Bette Midler’s film, “For The Boys” tells the story of a character some say was based on real-life singer Martha Raye and her USO tours during WWII. Lots of other women, famous and otherwise, toured with the USO. Marlene Dietrich for example, though German, was a fervent anti-Nazi and was a familiar USO performer. Soldiers recalled a particular instance in which she, clad in her ubiquitous slacks, helped soldiers get a rolled over Jeep back upright, wiping her hands and walking away afterwards.



Attempting to uncover more of the history of New York City during the War I came across “Over There” and “Helluva Town”, non-fiction titles that covered in great detail the City and surrounding areas during that time. Wouldn’t you know it?

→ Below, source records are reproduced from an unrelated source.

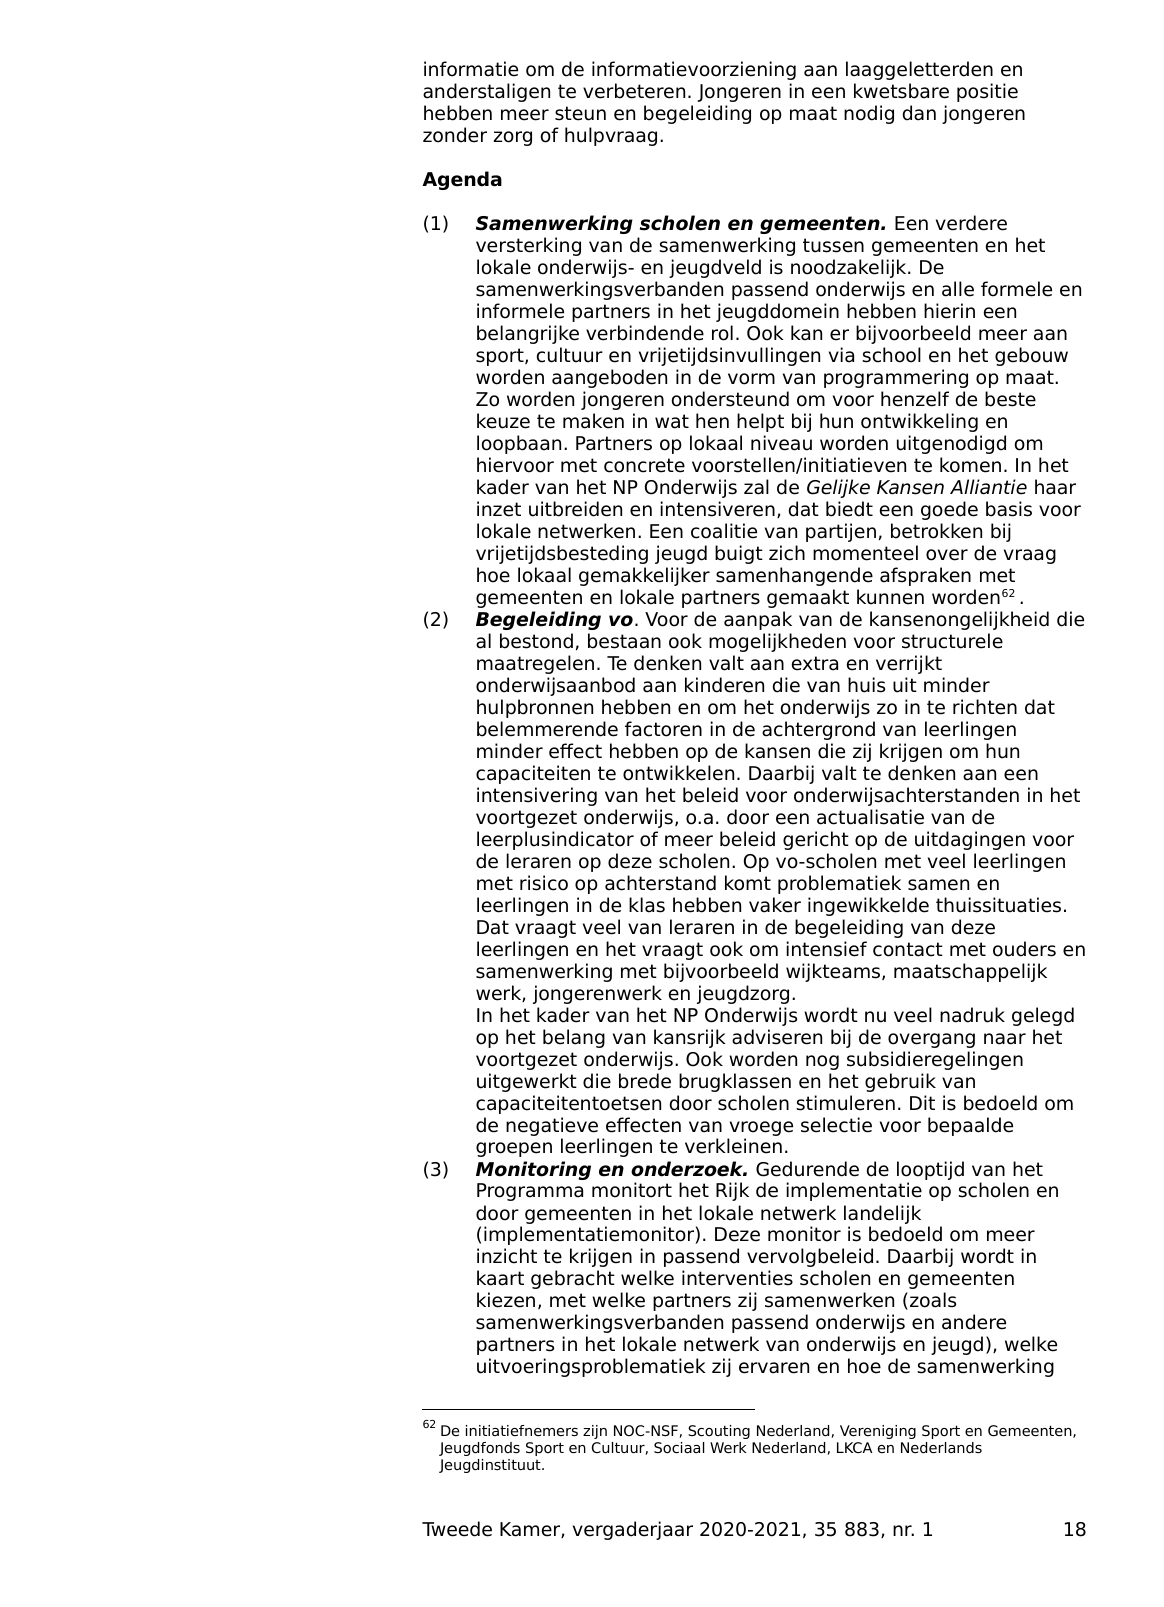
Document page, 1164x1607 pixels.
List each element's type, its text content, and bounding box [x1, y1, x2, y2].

text De initiatiefnemers zijn NOC-NSF, Scouting Nederland, Vereniging Sport en Gemeenten, Jeugdfonds Sport en Cultuur, Sociaal Werk Nederland, LKCA en Nederlands Jeugdinstituut. [422, 1418, 1087, 1474]
text In het kader van het NP Onderwijs wordt nu veel nadruk gelegd op het belang van kansrijk adviseren bij de overgang naar het voortgezet onderwijs. Ook worden nog subsidieregelingen uitgewerkt die brede brugklassen en het gebruik van capaciteitentoetsen door scholen stimuleren. Dit is bedoeld om de negatieve effecten van vroege selectie voor bepaalde groepen leerlingen te verkleinen. [475, 1004, 1087, 1158]
text (1) Samenwerking scholen en gemeenten. Een verdere versterking van de samenwerking tussen gemeenten en het lokale onderwijs- en jeugdveld is noodzakelijk. De samenwerkingsverbanden passend onderwijs en alle formele en informele partners in het jeugddomein hebben hierin een belangrijke verbindende rol. Ook kan er bijvoorbeeld meer aan sport, cultuur en vrijetijdsinvullingen via school en het gebouw worden aangeboden in de vorm van programmering op maat. Zo worden jongeren ondersteund om voor henzelf de beste keuze te maken in wat hen helpt bij hun ontwikkeling en loopbaan. Partners op lokaal niveau worden uitgenodigd om hiervoor met concrete voorstellen/initiatieven te komen. In het kader van het NP Onderwijs zal de Gelijke Kansen Alliantie haar inzet uitbreiden en intensiveren, dat biedt een goede basis voor lokale netwerken. Een coalitie van partijen, betrokken bij vrijetijdsbesteding jeugd buigt zich momenteel over de vraag hoe lokaal gemakkelijker samenhangende afspraken met gemeenten en lokale partners gemaakt kunnen worden. [422, 213, 1087, 609]
text (2) Begeleiding vo. Voor de aanpak van de kansenongelijkheid die al bestond, bestaan ook mogelijkheden voor structurele maatregelen. Te denken valt aan extra en verrijkt onderwijsaanbod aan kinderen die van huis uit minder hulpbronnen hebben en om het onderwijs zo in te richten dat belemmerende factoren in de achtergrond van leerlingen minder effect hebben op de kansen die zij krijgen om hun capaciteiten te ontwikkelen. Daarbij valt te denken aan een intensivering van het beleid voor onderwijsachterstanden in het voortgezet onderwijs, o.a. door een actualisatie van de leerplusindicator of meer beleid gericht op de uitdagingen voor de leraren op deze scholen. Op vo-scholen met veel leerlingen met risico op achterstand komt problematiek samen en leerlingen in de klas hebben vaker ingewikkelde thuissituaties. Dat vraagt veel van leraren in de begeleiding van deze leerlingen en het vraagt ook om intensief contact met ouders en samenwerking met bijvoorbeeld wijkteams, maatschappelijk werk, jongerenwerk en jeugdzorg. [422, 609, 1087, 1004]
subtitle Agenda [422, 169, 1087, 191]
text (3) Monitoring en onderzoek. Gedurende de looptijd van het Programma monitort het Rijk de implementatie op scholen en door gemeenten in het lokale netwerk landelijk (implementatiemonitor). Deze monitor is bedoeld om meer inzicht te krijgen in passend vervolgbeleid. Daarbij wordt in kaart gebracht welke interventies scholen en gemeenten kiezen, met welke partners zij samenwerken (zoals samenwerkingsverbanden passend onderwijs en andere partners in het lokale netwerk van onderwijs en jeugd), welke uitvoeringsproblematiek zij ervaren en hoe de samenwerking [422, 1158, 1087, 1378]
text informatie om de informatievoorziening aan laaggeletterden en anderstaligen te verbeteren. Jongeren in een kwetsbare positie hebben meer steun en begeleiding op maat nodig dan jongeren zonder zorg of hulpvraag. [422, 59, 1087, 147]
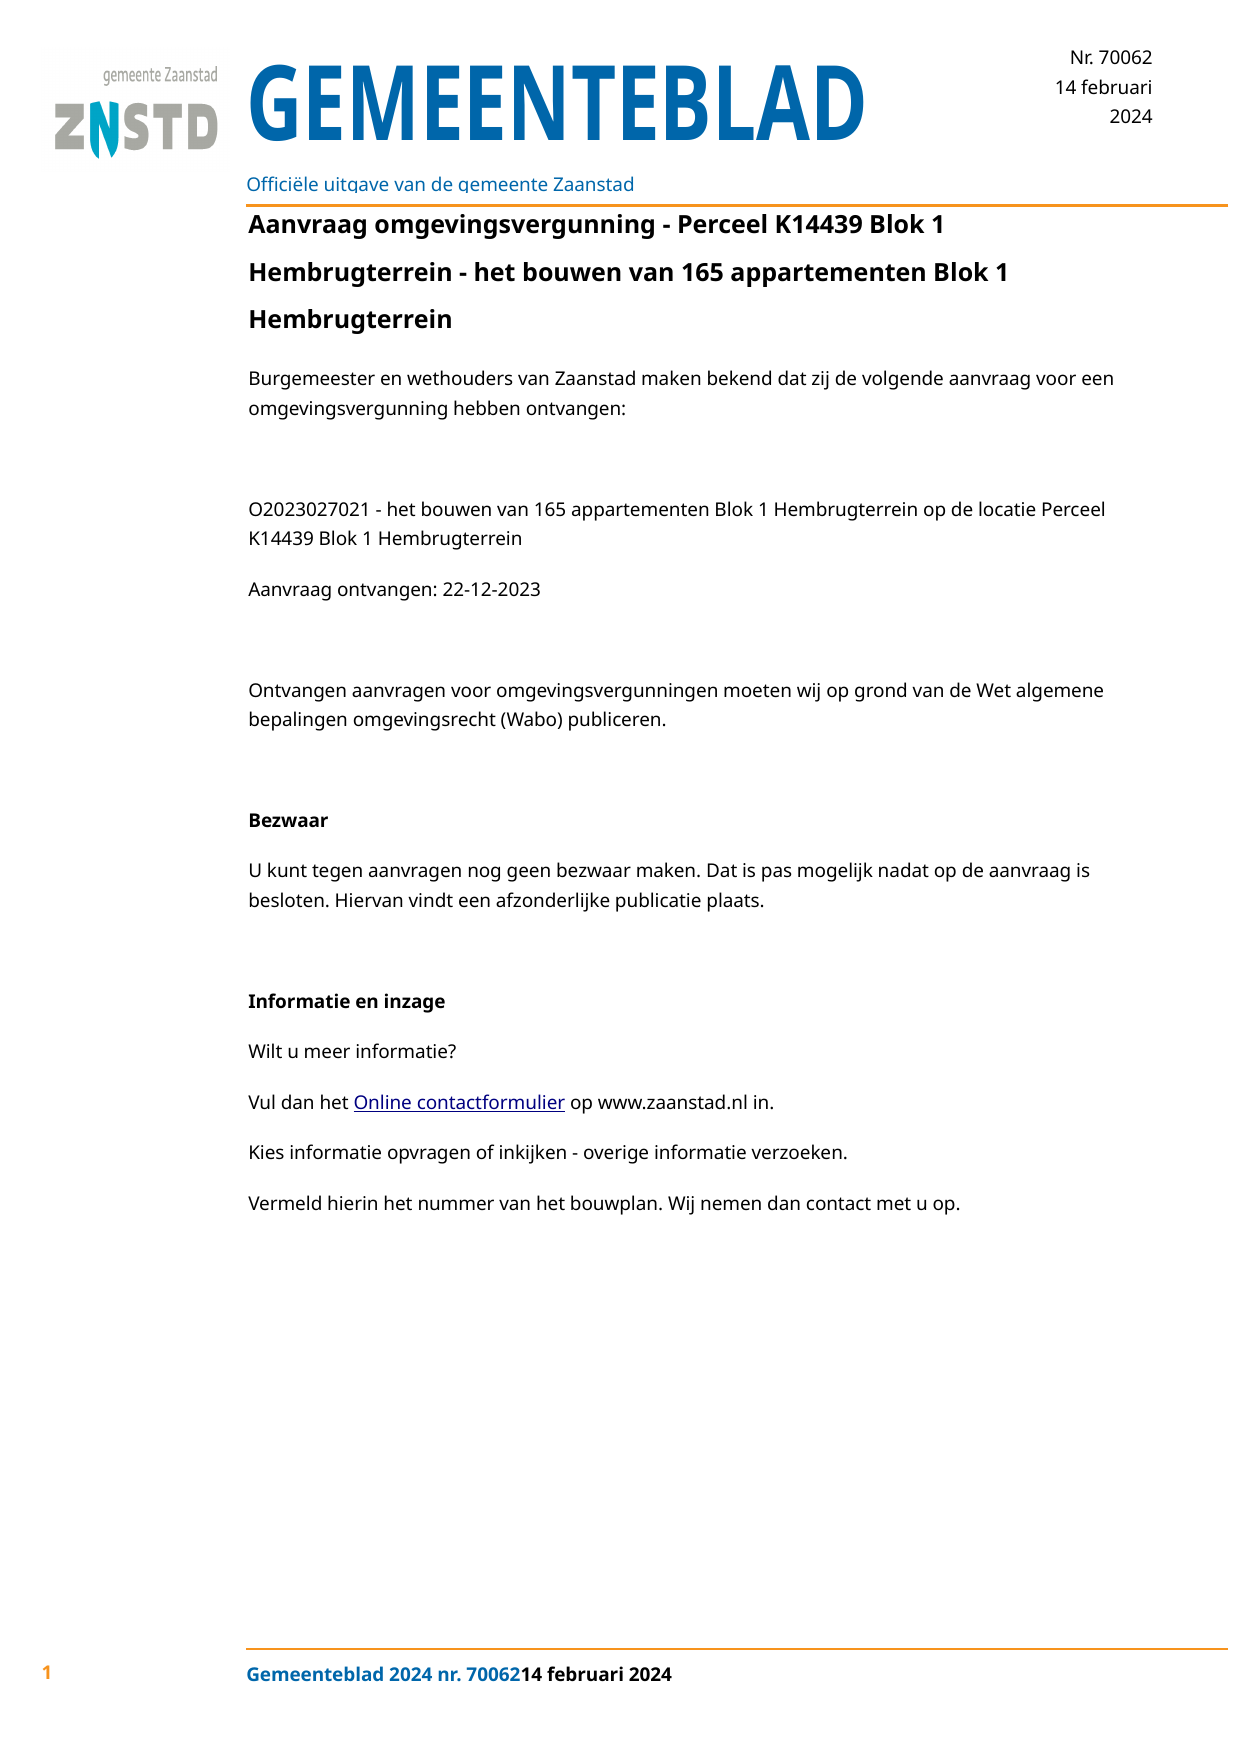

While I already knew of the most famous of the WWII female – the iconic Rosie the Riveter – when I read of the plot to sabotage the Long Island Grumman aircraft factory by an American Bund group, which was being funded by money coming in from the German Nazi party, a light bulb went off – how about a heroine Rosie who helps to thwart the plot?

An old movie from my (impressionable) youth, “The Yellow Rolls Royce”, a trilogy of romances involving the title auto. In one segment, a widowed American woman is trapped in Yugoslavia when war breaks out. With her car, her money, and her American fortitude, she aids the Yugoslav partisans in their battle against the Russian and German invaders (falling in love with one, natch). In fact, upon researching, there were many women caught behind enemy lines – including the wives and daughters of missionaries in the Far East. Yet another heroine’s story was born!



So. Why were the exploits of these women so casually dealt with in the histories? I guess because most of them were written by men. But in recent years numerous female historians have uncovered these courageous women and have begun telling their stories. And the self-publishing industry has allowed many, many women who participated to relate their own stories. These first-hand accounts are exceptionally valuable because you are getting the flavor of the times, and the people and details you cannot find as easily in current reports about those times.

It’s been a wonderfully educational experience studying all of the material, and learning of more and more roles American women played in the struggle, and victory, during this conflict. And it just goes to show that ideas come from innumerable sources. For me, I’m well on my way thanks to personal histories, film and fiction, and historical sources. All of this information also means that I can, with luck, help illuminate the history of women in wartime by virtue of my fiction.